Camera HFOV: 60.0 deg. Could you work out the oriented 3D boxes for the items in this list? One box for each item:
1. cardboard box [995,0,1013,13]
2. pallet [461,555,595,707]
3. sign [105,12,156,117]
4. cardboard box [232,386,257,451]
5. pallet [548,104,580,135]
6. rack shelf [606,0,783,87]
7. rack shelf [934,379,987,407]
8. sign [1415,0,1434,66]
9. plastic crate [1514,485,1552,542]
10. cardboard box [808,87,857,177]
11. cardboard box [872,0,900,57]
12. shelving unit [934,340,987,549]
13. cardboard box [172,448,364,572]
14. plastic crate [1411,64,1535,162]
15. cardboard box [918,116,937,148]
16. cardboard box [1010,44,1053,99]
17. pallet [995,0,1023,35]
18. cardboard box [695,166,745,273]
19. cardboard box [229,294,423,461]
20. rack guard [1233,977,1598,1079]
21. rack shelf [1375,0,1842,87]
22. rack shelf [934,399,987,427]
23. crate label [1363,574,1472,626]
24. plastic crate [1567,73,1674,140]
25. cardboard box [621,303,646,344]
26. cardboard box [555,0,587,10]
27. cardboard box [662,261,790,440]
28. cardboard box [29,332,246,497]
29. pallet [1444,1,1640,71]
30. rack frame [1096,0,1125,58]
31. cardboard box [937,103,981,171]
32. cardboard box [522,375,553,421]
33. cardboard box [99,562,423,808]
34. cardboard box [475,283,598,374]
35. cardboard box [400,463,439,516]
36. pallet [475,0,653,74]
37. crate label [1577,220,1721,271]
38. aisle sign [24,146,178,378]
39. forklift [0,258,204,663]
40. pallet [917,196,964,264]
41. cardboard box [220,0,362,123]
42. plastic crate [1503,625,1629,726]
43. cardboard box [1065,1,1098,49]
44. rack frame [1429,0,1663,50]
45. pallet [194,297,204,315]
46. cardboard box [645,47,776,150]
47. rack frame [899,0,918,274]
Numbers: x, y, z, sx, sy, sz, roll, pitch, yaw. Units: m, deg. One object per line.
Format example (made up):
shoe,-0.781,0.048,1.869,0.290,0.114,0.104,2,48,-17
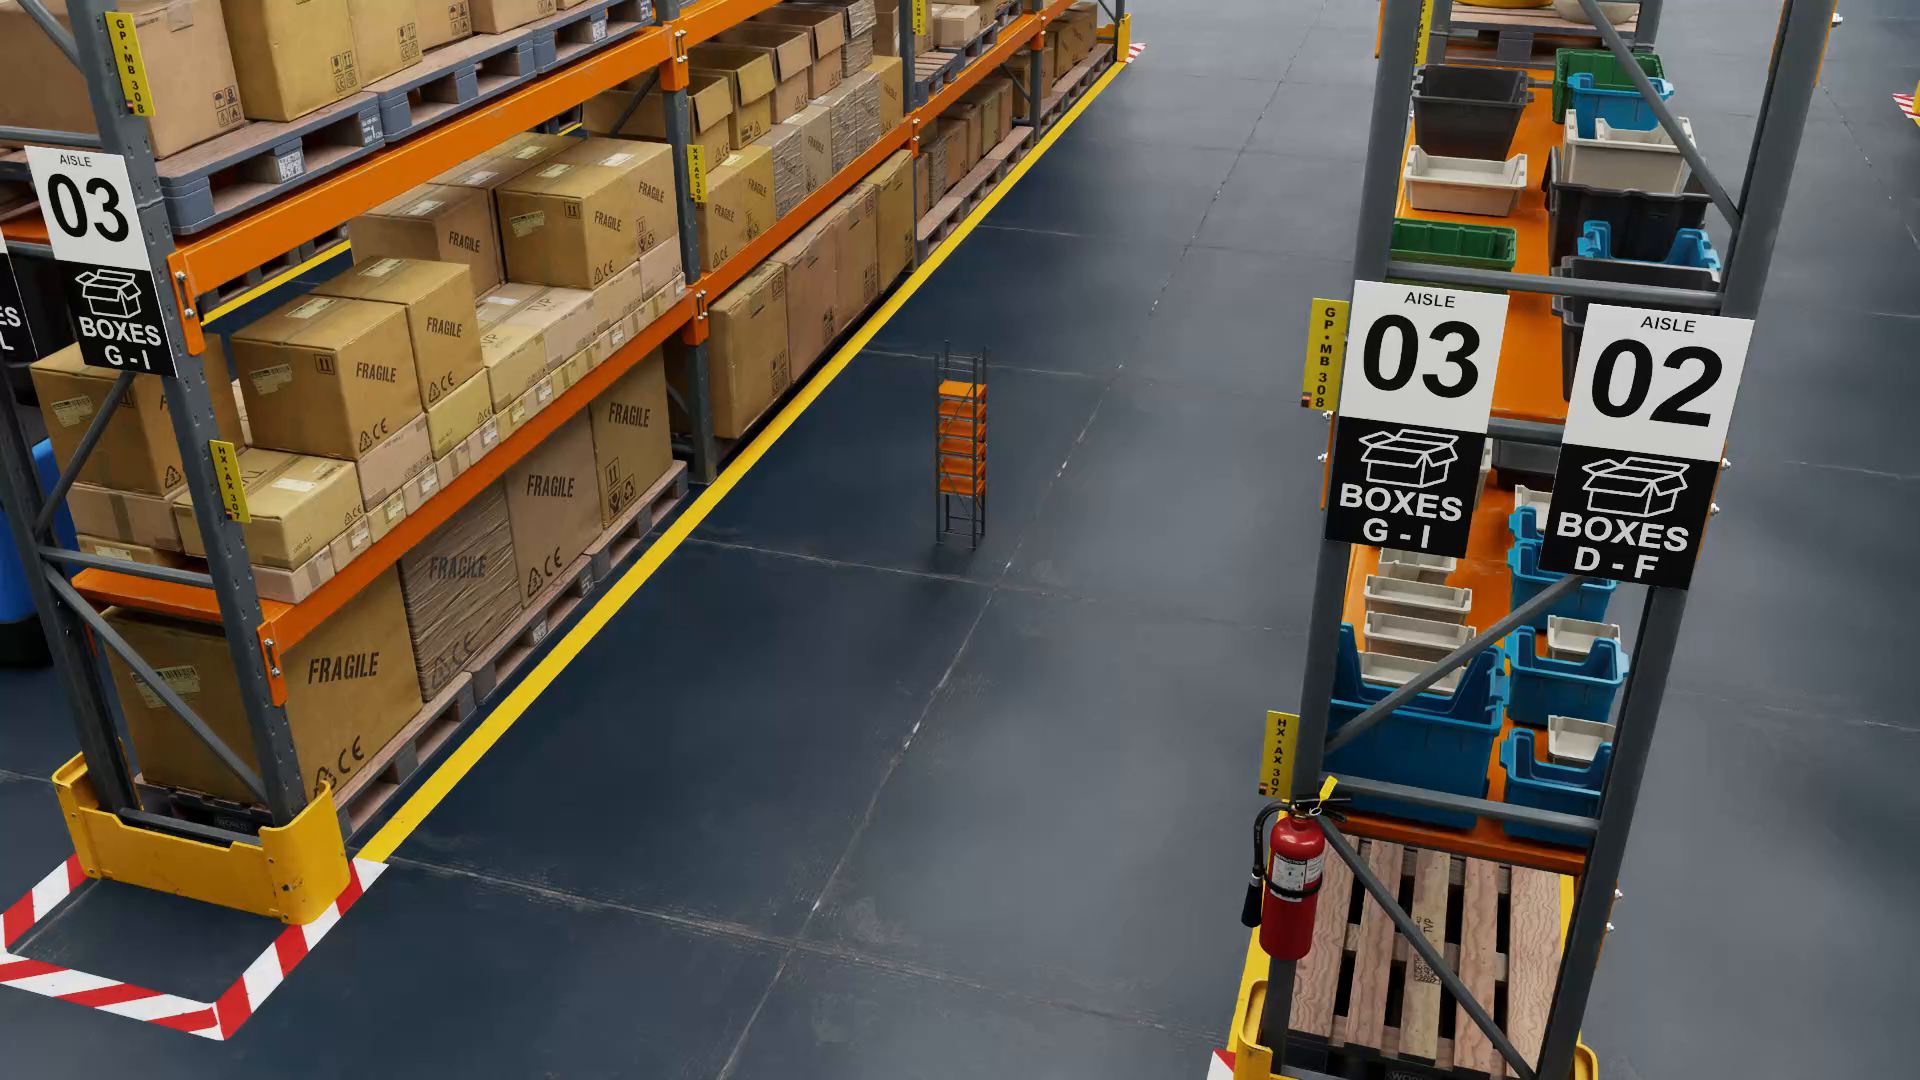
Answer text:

_How to complete this task_
Some of the data mentions "frame". Copy every line where it does.

_Written solution_
30. rack frame [1096,0,1125,58]
44. rack frame [1429,0,1663,50]
47. rack frame [899,0,918,274]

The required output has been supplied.